Você pode até não conhecê-lo, mas cansou de ouvir ou replicar alguns dos slogans criados por Ja­ques Lewkowicz, o Lew da Lew’Lara\TBWA. Fundador da agência, em parceria com Luiz Lara, hoje aos 70 anos, Lewkowicz vêm tirando o pé do acelerador e, recentemente, assumiu o papel de CIO (sigla em inglês para “chefe oficial de inspiração”).

De ascendência judaica, arquiteto de formação, ele marcou a história da propaganda do País a partir dos anos 1970, com slogans bem-humorados, como: “Eu sou você amanhã”, da vodka Orloff; “O fino que satisfaz”, campanha do cigarro Chanceler, que elevou o modelo Pedro Aguinaga ao status de sex symbol; e “Gosto de levar vantagem em tudo. Leve vantagem você também, leve Vila Rica!”, frase entoada pelo ex-jogador Gérson, camisa 8 da Seleção Brasileira de 1970, que culminou no uso popular da polêmica “Lei de Gérson”, análoga ao famigerado “jeitinho brasileiro”.

Em entrevista à Brasileiros, Lewkowicz defendeu que o bom humor é um dos pilares de seu espírito criativo. “Aprendi muito com os judeus do Bom Retiro, onde nasci, pois eles têm um espírito de self-mocking, tiram sarro da própria condição, dos ganhos, das perdas e dos sofrimentos. O humor faz parte da publicidade e fiz dela minha profissão.”

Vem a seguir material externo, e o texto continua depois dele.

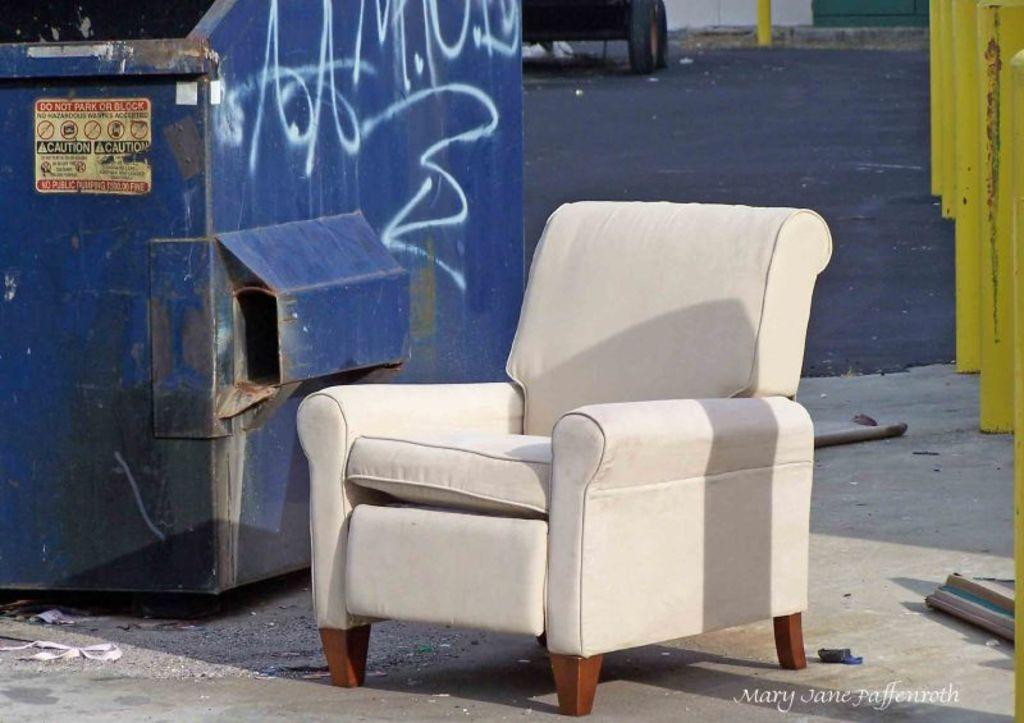What type of furniture is present in the image? There is a couch in the image. Where is the dustbin located in the image? The dustbin is on the left side of the image. What warning is indicated on the dustbin? The dustbin has a "CAUTION" label. What can be seen in the background of the image? There is a road visible in the background of the image. What is the color of the road in the image? The road appears to be black in color. What type of cake is being shared by the friends in the image? There are no friends or cake present in the image. What is the voice of the person speaking in the image? There is no person speaking in the image.

Com mais de 40 anos de carreira, Lewkowicz tem propriedade de sobra para analisar as transformações sofridas pelo mercado publicitário e defende mudanças consideráveis na relação entre agência e cliente: “Não quero fazer apologia do passado, mas, hoje, a propaganda é mais científica, passa por diversas etapas de aprovação. No passado, havia maior credibilidade para com o nosso trabalho. Muitas vezes, você pegava o telefone, ligava para o cliente e contava como era o filme. O cliente confiava no seu trabalho e a propaganda ia para o ar sem ele ao menos chegar a ver”.

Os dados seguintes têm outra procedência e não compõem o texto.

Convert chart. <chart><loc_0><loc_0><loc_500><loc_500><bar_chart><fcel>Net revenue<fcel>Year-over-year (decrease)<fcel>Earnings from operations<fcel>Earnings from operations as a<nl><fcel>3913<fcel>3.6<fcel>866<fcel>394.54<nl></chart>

Sobre a campanha “Nós, o PIB” proposta pelo amigo Luiz Lara, Lewkowicz concorda que ela é necessária, mas, a exemplo de Washington Olivetto, primeiro personagem da série de reportagens Como Vender Este Produto Chamado Brasil, ele acredita que, antes, é preciso arrumar a casa: “Você já viu alguma campanha vender um produto com problemas? Não, você tem de primeiro consertá-lo, pois, quando é bom, ele se vende sozinho. Com todas as dificuldades que o ‘produto’ Brasil enfrenta atualmente, uma campanha como essa pode ser interpretada por alguns como chapa branca. Mas acho que tudo é uma questão de mobilização”.